Q: What is azodicarbonamide? It is a chemical whose primary use is “in the production of foamed plastics.” In the United States it is also used as a food additive and flour bleaching agent. Q: Why is it in my bread?  According to Mark Rubi, the former baker and owner of The Lick Skillet Bakery in Boulder, Colorado, the answer is “I don’t know.” He says, “The necessary ingredients in bread are pretty basic. You need flour, water, yeast, and salt for sure. And then maybe add a little olive oil for dough consistency and a little sugar to get the yeast going.

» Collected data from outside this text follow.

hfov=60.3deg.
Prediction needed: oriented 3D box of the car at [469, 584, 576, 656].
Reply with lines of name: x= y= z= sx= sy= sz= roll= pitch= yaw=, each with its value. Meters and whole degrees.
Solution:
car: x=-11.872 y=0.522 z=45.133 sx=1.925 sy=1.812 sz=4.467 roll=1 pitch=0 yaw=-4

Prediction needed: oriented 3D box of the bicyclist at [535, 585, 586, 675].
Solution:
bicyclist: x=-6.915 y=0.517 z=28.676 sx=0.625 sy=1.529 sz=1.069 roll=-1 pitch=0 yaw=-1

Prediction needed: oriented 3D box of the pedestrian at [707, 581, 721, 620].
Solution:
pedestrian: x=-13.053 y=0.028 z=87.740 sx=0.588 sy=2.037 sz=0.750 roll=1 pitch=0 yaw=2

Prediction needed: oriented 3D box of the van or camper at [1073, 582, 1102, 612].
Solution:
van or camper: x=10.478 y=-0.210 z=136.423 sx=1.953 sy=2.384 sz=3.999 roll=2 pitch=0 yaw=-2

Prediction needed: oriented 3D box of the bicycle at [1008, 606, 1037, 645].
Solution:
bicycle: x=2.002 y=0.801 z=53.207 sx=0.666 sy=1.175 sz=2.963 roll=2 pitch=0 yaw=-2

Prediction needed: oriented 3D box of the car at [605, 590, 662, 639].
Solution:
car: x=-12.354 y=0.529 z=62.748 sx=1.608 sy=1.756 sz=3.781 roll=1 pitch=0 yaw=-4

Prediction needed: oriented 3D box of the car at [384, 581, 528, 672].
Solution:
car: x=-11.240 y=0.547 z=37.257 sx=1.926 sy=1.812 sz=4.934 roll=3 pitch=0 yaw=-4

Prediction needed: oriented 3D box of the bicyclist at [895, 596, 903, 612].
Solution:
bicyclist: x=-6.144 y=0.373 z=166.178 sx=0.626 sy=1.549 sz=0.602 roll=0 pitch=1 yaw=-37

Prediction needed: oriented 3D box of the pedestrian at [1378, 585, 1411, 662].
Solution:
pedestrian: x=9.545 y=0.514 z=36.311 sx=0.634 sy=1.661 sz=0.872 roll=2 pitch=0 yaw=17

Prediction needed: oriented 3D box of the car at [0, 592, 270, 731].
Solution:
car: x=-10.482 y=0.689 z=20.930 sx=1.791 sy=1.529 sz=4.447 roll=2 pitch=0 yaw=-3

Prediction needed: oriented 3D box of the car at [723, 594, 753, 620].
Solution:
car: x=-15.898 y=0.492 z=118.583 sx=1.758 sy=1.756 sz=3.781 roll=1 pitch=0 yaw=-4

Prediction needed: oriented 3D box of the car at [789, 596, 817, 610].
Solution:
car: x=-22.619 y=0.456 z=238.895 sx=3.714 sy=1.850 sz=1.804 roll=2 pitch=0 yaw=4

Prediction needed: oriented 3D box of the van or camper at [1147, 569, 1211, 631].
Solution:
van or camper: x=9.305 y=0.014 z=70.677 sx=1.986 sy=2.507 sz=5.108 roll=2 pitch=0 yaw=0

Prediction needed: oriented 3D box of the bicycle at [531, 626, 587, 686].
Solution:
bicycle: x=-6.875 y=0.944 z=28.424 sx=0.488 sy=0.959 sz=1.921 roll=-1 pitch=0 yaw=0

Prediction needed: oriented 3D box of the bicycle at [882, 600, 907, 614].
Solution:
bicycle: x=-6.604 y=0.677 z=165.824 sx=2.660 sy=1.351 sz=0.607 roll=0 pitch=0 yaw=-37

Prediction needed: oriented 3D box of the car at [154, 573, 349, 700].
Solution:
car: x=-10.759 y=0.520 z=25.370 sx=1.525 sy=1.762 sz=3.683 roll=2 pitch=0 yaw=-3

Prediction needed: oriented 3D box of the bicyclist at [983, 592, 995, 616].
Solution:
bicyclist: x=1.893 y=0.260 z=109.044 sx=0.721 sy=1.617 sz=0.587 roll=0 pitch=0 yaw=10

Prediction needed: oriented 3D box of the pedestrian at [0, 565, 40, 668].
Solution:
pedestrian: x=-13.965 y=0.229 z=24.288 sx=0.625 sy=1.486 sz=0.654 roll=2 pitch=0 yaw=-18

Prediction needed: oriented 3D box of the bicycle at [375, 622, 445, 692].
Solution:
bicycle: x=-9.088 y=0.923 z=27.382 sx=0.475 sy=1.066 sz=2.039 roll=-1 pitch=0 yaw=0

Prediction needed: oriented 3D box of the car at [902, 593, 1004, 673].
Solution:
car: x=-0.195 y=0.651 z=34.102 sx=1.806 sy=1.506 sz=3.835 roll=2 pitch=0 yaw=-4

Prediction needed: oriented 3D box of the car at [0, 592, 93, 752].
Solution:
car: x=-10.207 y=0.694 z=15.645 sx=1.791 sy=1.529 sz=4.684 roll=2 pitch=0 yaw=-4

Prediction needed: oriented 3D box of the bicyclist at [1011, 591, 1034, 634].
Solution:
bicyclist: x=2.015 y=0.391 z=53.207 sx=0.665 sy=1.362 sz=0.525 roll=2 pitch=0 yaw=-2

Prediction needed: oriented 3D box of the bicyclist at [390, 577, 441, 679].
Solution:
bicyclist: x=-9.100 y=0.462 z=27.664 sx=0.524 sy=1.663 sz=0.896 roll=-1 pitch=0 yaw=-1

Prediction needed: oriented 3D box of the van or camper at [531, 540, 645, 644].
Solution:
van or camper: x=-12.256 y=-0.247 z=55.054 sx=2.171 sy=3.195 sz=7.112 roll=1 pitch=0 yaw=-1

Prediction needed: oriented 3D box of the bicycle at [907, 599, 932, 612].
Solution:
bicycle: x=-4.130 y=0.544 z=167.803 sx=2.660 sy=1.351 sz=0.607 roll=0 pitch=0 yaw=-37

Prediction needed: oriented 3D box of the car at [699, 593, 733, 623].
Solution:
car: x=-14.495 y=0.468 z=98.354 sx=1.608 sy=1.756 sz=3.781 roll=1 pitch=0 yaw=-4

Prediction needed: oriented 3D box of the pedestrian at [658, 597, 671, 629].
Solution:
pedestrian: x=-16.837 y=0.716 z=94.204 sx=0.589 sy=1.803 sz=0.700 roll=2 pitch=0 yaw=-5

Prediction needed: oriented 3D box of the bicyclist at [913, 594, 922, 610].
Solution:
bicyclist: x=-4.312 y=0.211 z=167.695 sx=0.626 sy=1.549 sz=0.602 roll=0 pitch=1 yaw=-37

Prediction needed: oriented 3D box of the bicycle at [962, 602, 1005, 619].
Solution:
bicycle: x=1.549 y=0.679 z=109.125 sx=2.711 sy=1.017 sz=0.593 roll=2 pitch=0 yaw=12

Anything else you add should just be for flavoring.” He goes on to add, “It’s strange, I look at the commercial breads available these days and the ingredient lists are scary. Take fast food, for example, the typical bun at a fast food burger chain has 20 or more chemicals in addition to the main ingredients! Is this really something I want to be eating?” Read more here: http://www.examiner.com/article/azodicarbonamide-another-reason-to-avoid-most-bread

Yes, let’s ask an artisan baker his opinion on food-additives in mass-produced bread. Of course his answer would be “I don’t know”, he’s a baker, not an organic chemist. The simple answer as to why azodicarbonamide is used in bread is this: Yeast is unreliable. Conventional bread recipes hold baker’s yeast, or Saccharomyces cerevisiae as a key ingredient. The yeast is a leavening agent: It converts the sugars present in the dough into the gas carbon dioxide (CO2). This causes the dough to expand and rise as the gas forms pockets or bubbles. When the dough is baked, the yeast dies and the air pockets give the bread a soft, spongy texture.Azodicarbonamide, the chemical in question, does exactly the same thing. The reason it’s used in place of yeast is because it’s much easier to calculate the exact amount of azodicarbonamide required. Yeasts, being biological entities, can vary wildly in their leavening power. azodicarbonamide, being a solely chemical entity, does not. “Wonder Bread™” and other mass-produced enriched bread products are made to look, feel, and taste a certain way. The Wonder Bread that was made in a factory in Canada needs to look identical to the bread made in a factory in the United States, because this is what consumers have come to expect. Bread items like this are not harmful in any way, shape, or form. They actually hold a slight advantage over conventional bread products, as they’re ‘enriched’ — meaning that they have added nutrients. When the bread enrichment program started, it became known as the “Quiet Miracle”. It virtually eliminated diseases like Beriberi and Pellagra in the United States, and provided a wealth of nutrients in a product that people were already consuming. Compare the iodization of salt, or the fluoridation of water. 
Someone’s inevitably going to come back at me with something like “Well, the ingredients say that there’s yeast, so why do they still have to use azodicarbonamide?” 
Before that happens: Yeast is a key flavor component of bread. Azodicarbonamide is used as the leavener, but a small amount of yeast extract (that is, concentrated yeast flavor, with no leavening power) is added to the process to make the bread taste like… well, bread. 
To surmise: Ingredient lists are not “scary”, one just has to have a proper understanding of chemistry. 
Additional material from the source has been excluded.